We certainly have memes that explain it, justify our various needs. When it comes to procreation, there’s the macho attitude – of males being proud about obtaining sex – there’s motherly sacrifice, and there are all those divine commandments urging us to procreate, to make more children. Prohibiting prophylactics. My point is that these memes do not come out of nowhere. They evolve to satisfy our biological needs, our basic needs that are directly tied to survival and to procreation (and, BTW, I do believe that Freud got it right when he put procreation before survival, as a possible cause of psychological distress – genetically speaking, it is higher, topmost, on our list of agendas).

Memes existed in human societies from the early days of the language revolution, which, IMO, began about 2 million years ago, when our brains began to evolve. The cognitive revolution (maybe 70,000 BP, the exact dating of the emergence of Homo-Sapiens-Sapiens is not certain), which also improved our imagination to the point we could create art, improved our lingual skills and, most likely, improved our ability to handle memes, which are, basically, elements of brain programming.

They are the topmost level of our programming. As such, they are an essential part of who we are, of how we survive.
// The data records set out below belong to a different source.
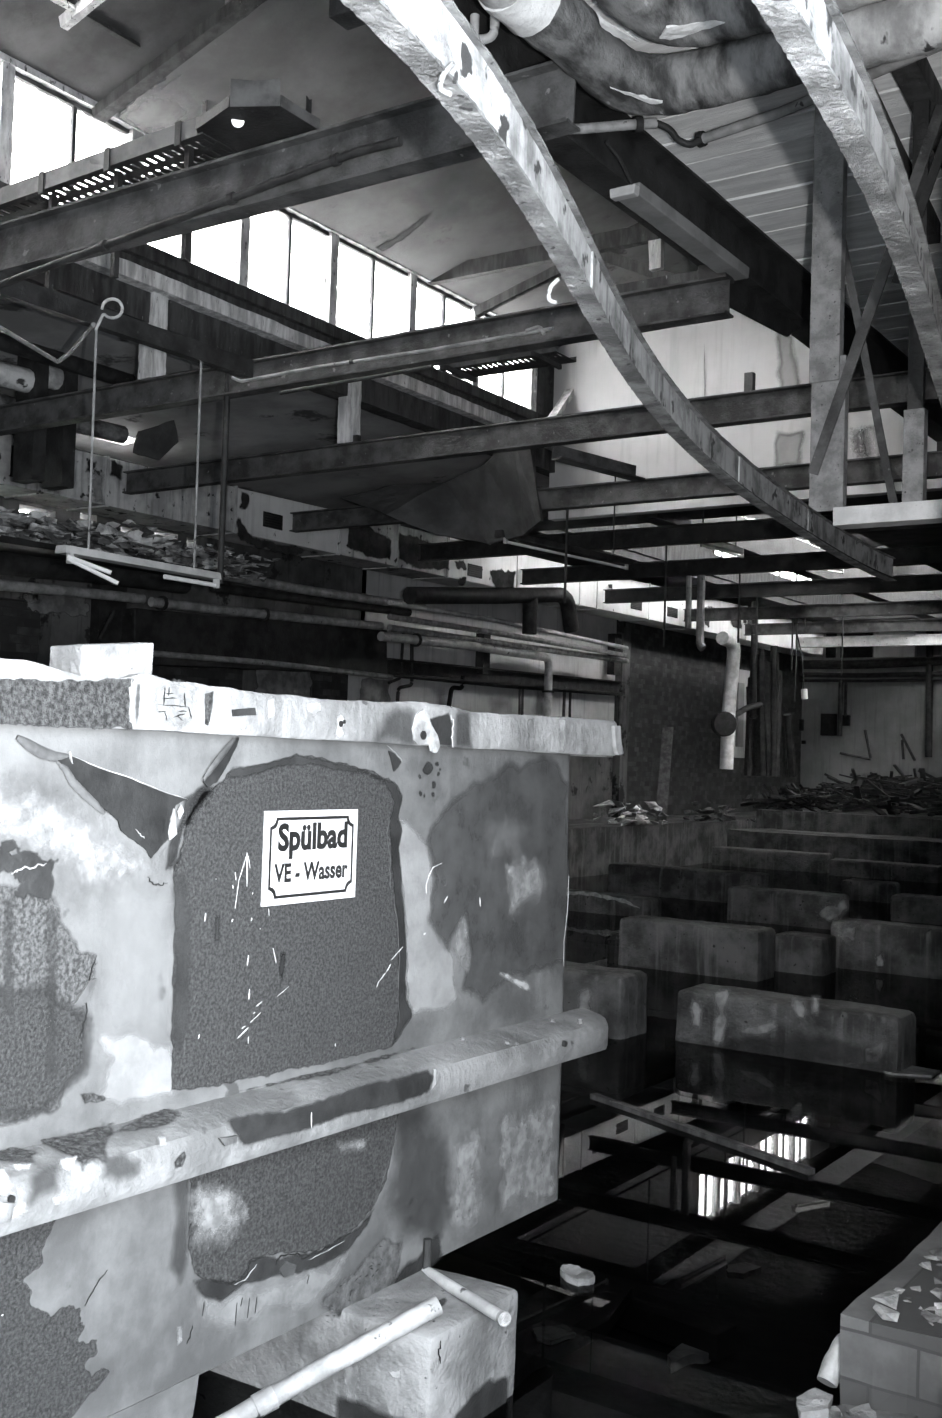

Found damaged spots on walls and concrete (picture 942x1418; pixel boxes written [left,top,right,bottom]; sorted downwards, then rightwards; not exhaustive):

peeling [0,886,97,1126]
peeling [171,746,412,1090]
damp [428,696,639,1000]
peeling [0,1165,109,1418]
peeling [61,1158,75,1170]
peeling [188,1114,398,1301]

They are the ideas we have about the world, even animals have them, I am certain, only theirs are much simpler – I am not sure exactly how animal thinking works, but I am sure they have their own way of creating concepts about reality. Certain images and sensations mean ‘bad’, ‘dangerous’, others mean ‘food’, etc. An example of an animal meme could be a cat believing that a certain human object, moving in the wind, is a living thing – especially an object the cat can’t interact with (according to the principle that the further a phenomenon is from your immediate environment, from the action you do to survive and all that’s related to them, the more likely you are to develop irrational beliefs about it). As long as you can’t communicate those ideas…. though we could fantasize about how they might communicate some simple ideas to each other, some of which could be construed as false beliefs, we assume that, though animals have awareness and consciousness, and thought, they still don’t have anything resembling a real language.
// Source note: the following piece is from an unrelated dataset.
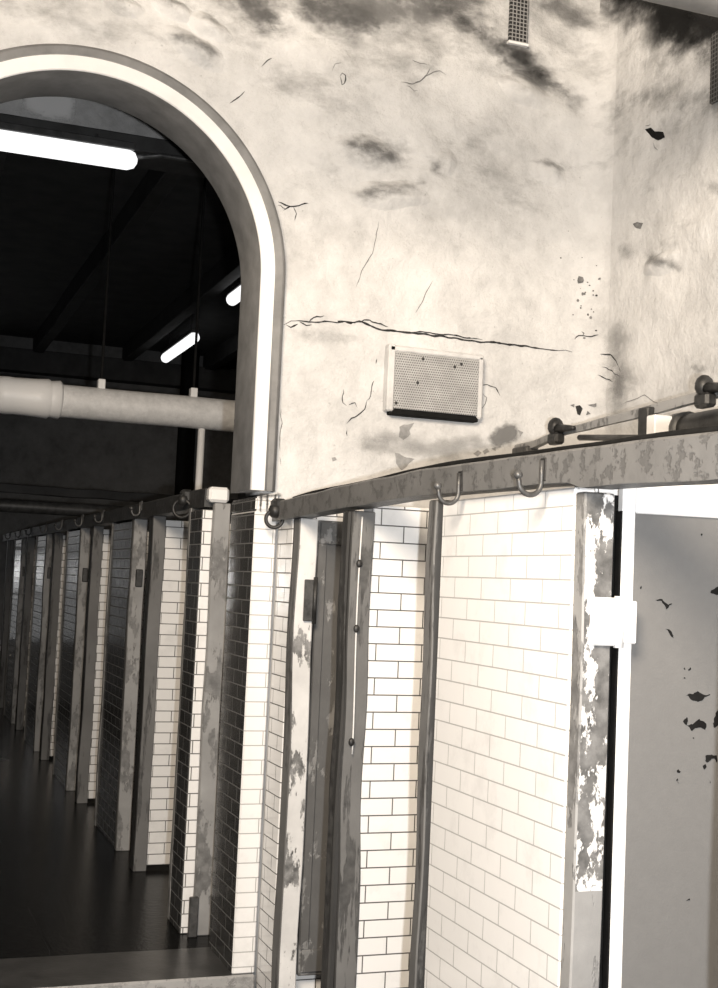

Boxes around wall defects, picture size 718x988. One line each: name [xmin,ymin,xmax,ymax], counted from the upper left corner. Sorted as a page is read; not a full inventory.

water stain [658,13,698,49]
crack [284,284,620,381]
peeling [688,691,710,702]
peeling [683,711,718,739]

It’s more obvious in humans, particularly in modern humans, since we have created elaborate systems of beliefs and of ideologies, but shared memes have existed for as long as language has. I believe – and this is an educated guess – that even the earlier species of Homo, ones that already had brains larger than those of apes, had shared beliefs, could share their beliefs about the world, and if you can share them, then you must do it, or else your society will not survive – be it a small pack of hunter-gatherers or a large, advanced, nation.

There is a lot more to be said about beliefs and ideas, and how they fit into the framework of human psychology. I will go into this in depth in future posts. This post is the 3rd and last in a series that focuses on Harari’s book/lecture series, and on my critique of his ideas. Any constructive criticism is welcome – I am always happy to debate my ideas and learn new things.